When my husband and I first arrived in Nzara two years ago, I had just received my license to practice as a nurse-midwife. I had no prior training in labor and delivery before I went back to school to get my masters in nursing and only had several years’ experience as an orthopedic/neurological/surgical nurse. I quickly learned that no matter how unqualified I felt, no matter how little hands-on experience I had, I couldn’t let that be a deterrent to working and serving where I was needed most.

Sarah holding the first baby she ever helped, two years later

Sarah with the first child she helped deliver in Nzara, two years old.

The Burden of Being Present

While working in US hospitals, I did help save peoples’ lives. But I had the comfort of feeling replaceable. Had I not been in the hospital saving that person’s life, they still would have survived because some other nurse or doctor would have been there to save them. In Nzara, South Sudan, nurses, doctors, and clinical officers are spread so thin that this is not the case.

Many times in Nzara, if I was not there during a difficult delivery of a newborn who wouldn’t breathe, or assisting in monitoring a premature baby, those infants would die because I was not there. Even though I was familiar with volunteering and serving in developing countries, nothing could prepare me for that degree of scarcity in healthcare. It’s heartbreaking to not get there in time to save an infant’s life. I had to come to terms with the burden of being present to save children’s lives while also taking the time to care for myself.

When my husband and I decided to return to Nzara with our 7-month-old son Max, I was aware that the struggle to find a healthy balance would be even more difficult. Not only would I be caring for myself and working as a nurse-midwife; I would be doing this as a mother.

Martin holds baby Max in front of the hospital

Martin and Max in front of the hospital

In many ways returning to South Sudan felt like returning home. Even though it had been a year since I left Nzara, it was as if I never left.

To Be a Mother in South Sudan

After some days adjusting as a western mother living in South Sudan, I began to realize how much joy and love can be put into the day’s most simple tasks.

I appreciate now more than ever how the women in Nzara make the arduous work of motherhood look effortless. Women would gather water from the bore holes in the village, hand wash clothes and soiled cloth diapers, breastfeed their infants, go to the market to buy whatever food they could for the day’s meals, and then come home to cook lunch and dinner over a fire stoked by the wood they previously gathered.

A newborn girl wears a purple hat

Day in and day out. No days off.  What other option is there? To be a mother in Nzara is more than a full-time job. It is the constant day-to-day struggle to keep you and your children alive. So, like many things, I learned how to raise an infant in South Sudan from the very mothers whose babies I helped deliver.

A baby girl wears a pink shirt

I was lucky to have running water in our bathroom and the money to afford nutritious food.  Because Nzara is so remote, obtaining disposable diapers would have been difficult (let alone finding a place to dispose of them), so cloth diapering for Max was important. I slowly learned how to hand wash Max’s diapers daily, while Martin mastered the art of cooking on a fire for our meals.

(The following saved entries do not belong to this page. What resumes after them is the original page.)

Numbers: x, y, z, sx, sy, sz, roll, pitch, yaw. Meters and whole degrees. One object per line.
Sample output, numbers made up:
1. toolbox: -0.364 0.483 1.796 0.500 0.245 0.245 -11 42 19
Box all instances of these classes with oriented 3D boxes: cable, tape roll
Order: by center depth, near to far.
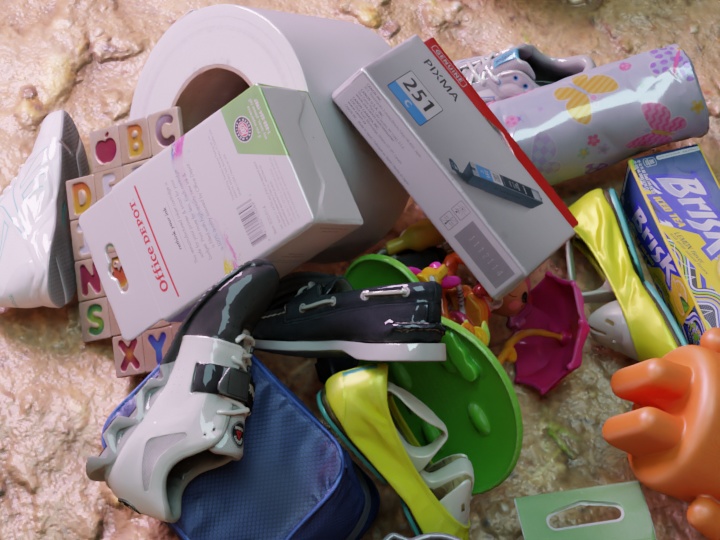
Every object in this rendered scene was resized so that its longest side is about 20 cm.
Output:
1. tape roll: -0.070 -0.106 1.639 0.139 0.203 0.203 -1 46 -50
2. cable: 0.000 0.000 1.649 0.199 0.097 0.051 -14 70 -17

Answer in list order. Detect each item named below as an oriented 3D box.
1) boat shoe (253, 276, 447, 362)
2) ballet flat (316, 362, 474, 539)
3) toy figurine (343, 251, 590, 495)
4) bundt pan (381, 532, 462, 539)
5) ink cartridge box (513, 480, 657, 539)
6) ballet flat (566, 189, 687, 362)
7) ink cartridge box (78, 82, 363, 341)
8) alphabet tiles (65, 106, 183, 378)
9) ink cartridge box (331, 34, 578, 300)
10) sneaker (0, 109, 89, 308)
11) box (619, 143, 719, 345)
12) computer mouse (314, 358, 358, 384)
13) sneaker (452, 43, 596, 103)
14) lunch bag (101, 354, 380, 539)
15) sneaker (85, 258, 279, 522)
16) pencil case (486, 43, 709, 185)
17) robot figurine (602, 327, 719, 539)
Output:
1. boat shoe: -0.013 0.035 1.515 0.199 0.075 0.061 1 87 39
2. ballet flat: 0.044 0.145 1.511 0.067 0.200 0.067 -30 26 10
3. toy figurine: 0.096 0.045 1.601 0.184 0.150 0.201 -33 95 -46
4. bundt pan: 0.043 0.293 1.466 0.200 0.076 0.203 -4 63 7
5. ink cartridge box: 0.179 0.262 1.514 0.103 0.059 0.201 -7 57 -7
6. ballet flat: 0.210 0.022 1.669 0.067 0.067 0.201 -22 55 3
7. ink cartridge box: -0.108 -0.038 1.532 0.067 0.199 0.118 0 63 -56
8. alphabet tiles: -0.168 -0.021 1.624 0.166 0.006 0.202 -12 82 38
9. ink cartridge box: 0.090 -0.094 1.595 0.200 0.045 0.176 51 36 1
10. sneaker: -0.274 -0.054 1.702 0.080 0.071 0.201 -8 50 15
11. box: 0.281 -0.004 1.691 0.070 0.064 0.201 -14 57 -11
12. computer mouse: -0.043 0.070 1.630 0.199 0.034 0.059 15 57 -7
13. sneaker: 0.112 -0.165 1.778 0.198 0.087 0.075 -2 58 -2
14. lunch bag: -0.092 0.148 1.539 0.136 0.132 0.200 -43 65 -5
15. sneaker: -0.102 0.089 1.455 0.088 0.074 0.201 34 90 24
16. pencil case: 0.193 -0.122 1.729 0.199 0.091 0.083 -20 52 0
17. robot figurine: 0.281 0.129 1.553 0.199 0.117 0.144 20 31 -21
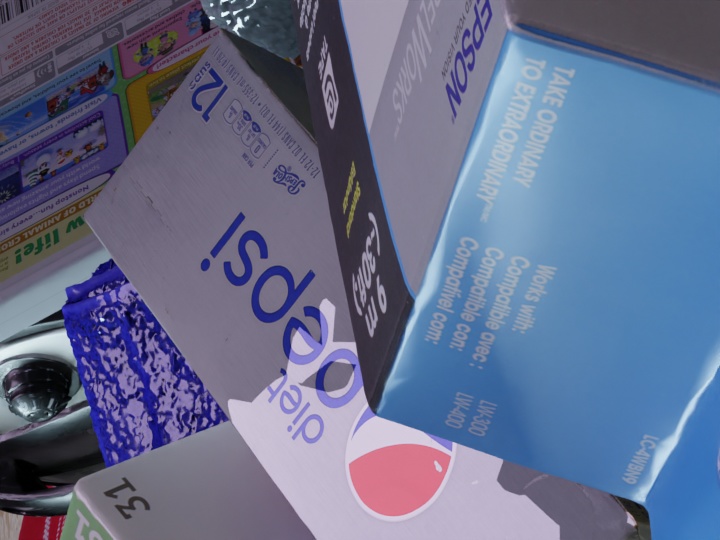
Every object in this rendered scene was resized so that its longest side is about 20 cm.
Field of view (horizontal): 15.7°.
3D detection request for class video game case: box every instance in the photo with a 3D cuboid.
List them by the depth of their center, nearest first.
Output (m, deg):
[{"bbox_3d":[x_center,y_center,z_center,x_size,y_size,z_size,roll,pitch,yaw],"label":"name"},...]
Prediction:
[{"bbox_3d":[-0.085,-0.074,1.006,0.022,0.199,0.183,51,-164,-41],"label":"video game case"}]

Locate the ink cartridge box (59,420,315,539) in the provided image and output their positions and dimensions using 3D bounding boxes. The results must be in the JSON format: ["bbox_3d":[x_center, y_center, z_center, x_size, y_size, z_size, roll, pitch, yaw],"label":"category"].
[{"bbox_3d":[-0.035,0.114,0.649,0.146,0.199,0.048,45,134,27],"label":"ink cartridge box"}]

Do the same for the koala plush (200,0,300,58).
[{"bbox_3d":[-0.010,-0.196,0.709,0.183,0.177,0.201,-24,54,34],"label":"koala plush"}]

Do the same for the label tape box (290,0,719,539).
[{"bbox_3d":[0.035,-0.037,0.521,0.144,0.066,0.201,108,157,-57],"label":"label tape box"}]

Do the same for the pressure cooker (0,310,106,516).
[{"bbox_3d":[-0.115,0.006,1.125,0.176,0.177,0.201,115,152,-56],"label":"pressure cooker"}]

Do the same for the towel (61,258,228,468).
[{"bbox_3d":[-0.016,0.036,0.787,0.200,0.049,0.149,-28,70,47],"label":"towel"}]

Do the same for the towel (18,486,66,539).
[{"bbox_3d":[-0.124,0.094,1.305,0.200,0.022,0.145,-50,26,38],"label":"towel"}]

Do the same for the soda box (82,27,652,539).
[{"bbox_3d":[0.011,0.028,0.661,0.068,0.063,0.200,-52,50,14],"label":"soda box"}]
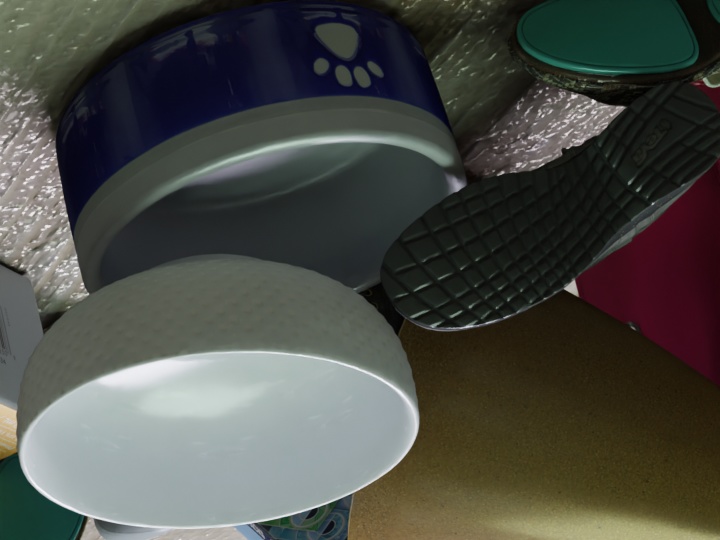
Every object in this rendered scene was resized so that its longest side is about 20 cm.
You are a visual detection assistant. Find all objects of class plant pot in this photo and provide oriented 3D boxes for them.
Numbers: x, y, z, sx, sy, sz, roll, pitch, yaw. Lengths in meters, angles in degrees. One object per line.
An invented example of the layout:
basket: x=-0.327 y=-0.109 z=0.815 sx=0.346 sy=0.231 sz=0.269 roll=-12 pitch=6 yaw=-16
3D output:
plant pot: x=0.116 y=0.100 z=1.358 sx=0.199 sy=0.187 sz=0.187 roll=18 pitch=159 yaw=12

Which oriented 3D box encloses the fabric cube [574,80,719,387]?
fabric cube: x=0.266 y=0.011 z=1.474 sx=0.199 sy=0.197 sz=0.200 roll=-6 pitch=155 yaw=-21

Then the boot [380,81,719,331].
boot: x=0.096 y=-0.014 z=1.281 sx=0.199 sy=0.070 sz=0.132 roll=-26 pitch=169 yaw=-13

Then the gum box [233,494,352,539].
gum box: x=0.030 y=0.119 z=1.526 sx=0.200 sy=0.170 sz=0.045 roll=-34 pitch=122 yaw=-15

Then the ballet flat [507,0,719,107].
ballet flat: x=0.174 y=-0.119 z=1.290 sx=0.199 sy=0.068 sz=0.075 roll=-17 pitch=147 yaw=-6

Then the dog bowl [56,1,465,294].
dog bowl: x=-0.051 y=-0.050 z=1.266 sx=0.199 sy=0.079 sz=0.200 roll=-14 pitch=156 yaw=-6

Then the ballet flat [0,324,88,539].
ballet flat: x=-0.188 y=0.118 z=1.429 sx=0.070 sy=0.201 sz=0.065 roll=31 pitch=134 yaw=-14

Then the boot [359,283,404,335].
boot: x=0.000 y=0.000 z=1.450 sx=0.200 sy=0.069 sz=0.174 roll=-36 pitch=151 yaw=15

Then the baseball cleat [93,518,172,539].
baseball cleat: x=-0.115 y=0.106 z=1.611 sx=0.200 sy=0.070 sz=0.106 roll=-36 pitch=145 yaw=18

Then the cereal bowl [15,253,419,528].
cereal bowl: x=-0.073 y=0.051 z=1.235 sx=0.199 sy=0.084 sz=0.200 roll=-6 pitch=150 yaw=-3

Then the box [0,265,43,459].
box: x=-0.285 y=0.069 z=1.368 sx=0.199 sy=0.098 sz=0.124 roll=-24 pitch=155 yaw=18
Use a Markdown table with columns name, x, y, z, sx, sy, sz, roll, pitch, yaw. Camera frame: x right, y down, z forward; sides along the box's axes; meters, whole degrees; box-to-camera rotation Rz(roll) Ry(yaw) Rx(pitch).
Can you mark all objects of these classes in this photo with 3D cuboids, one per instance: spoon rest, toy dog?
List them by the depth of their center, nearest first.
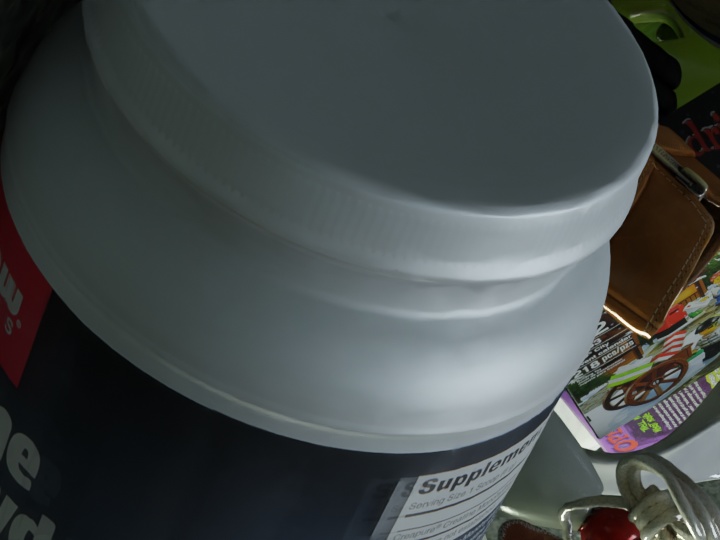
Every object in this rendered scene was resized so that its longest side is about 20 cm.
| name | x | y | z | sx | sy | sz | roll | pitch | yaw |
| --- | --- | --- | --- | --- | --- | --- | --- | --- | --- |
| toy dog | 0.059 | 0.103 | 0.988 | 0.096 | 0.200 | 0.132 | -36 | 146 | -17 |
| spoon rest | 0.159 | 0.069 | 1.077 | 0.100 | 0.198 | 0.061 | 100 | -15 | -55 |

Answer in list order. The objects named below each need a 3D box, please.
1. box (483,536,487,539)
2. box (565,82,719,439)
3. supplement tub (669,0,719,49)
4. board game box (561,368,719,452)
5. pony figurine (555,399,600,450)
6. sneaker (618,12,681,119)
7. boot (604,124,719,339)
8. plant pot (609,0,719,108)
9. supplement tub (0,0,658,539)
| name | x | y | z | sx | sy | sz | roll | pitch | yaw |
| --- | --- | --- | --- | --- | --- | --- | --- | --- | --- |
| box | -0.024 | 0.168 | 1.068 | 0.200 | 0.127 | 0.110 | -41 | 117 | -66 |
| box | 0.151 | -0.024 | 0.867 | 0.199 | 0.038 | 0.137 | -32 | 151 | 4 |
| supplement tub | 0.151 | -0.170 | 0.825 | 0.145 | 0.144 | 0.200 | -58 | 152 | -6 |
| board game box | 0.135 | 0.020 | 1.076 | 0.119 | 0.032 | 0.200 | -24 | 144 | 14 |
| pony figurine | 0.064 | 0.059 | 1.380 | 0.193 | 0.166 | 0.201 | -56 | -168 | 38 |
| sneaker | 0.050 | -0.060 | 0.882 | 0.199 | 0.070 | 0.100 | 11 | 87 | -44 |
| boot | 0.066 | -0.061 | 0.794 | 0.200 | 0.154 | 0.074 | -52 | 169 | -46 |
| plant pot | 0.158 | -0.068 | 1.139 | 0.200 | 0.198 | 0.183 | 111 | -25 | -51 |
| supplement tub | -0.026 | 0.019 | 0.542 | 0.140 | 0.140 | 0.201 | -50 | 168 | -52 |

Together we purified drinking water as well as the water for Max to safely bathe in. Every evening at 7 p.m. we would put Max under the mosquito net in our bed until 8 a.m. the next morning to protect him from getting malaria or other mosquito borne diseases. The change from living in the United States to living in Nzara meant accepting that five to six hours would be spent each day purely on basic tasks needed to keep ourselves and Max healthy. And doing it all over again tomorrow.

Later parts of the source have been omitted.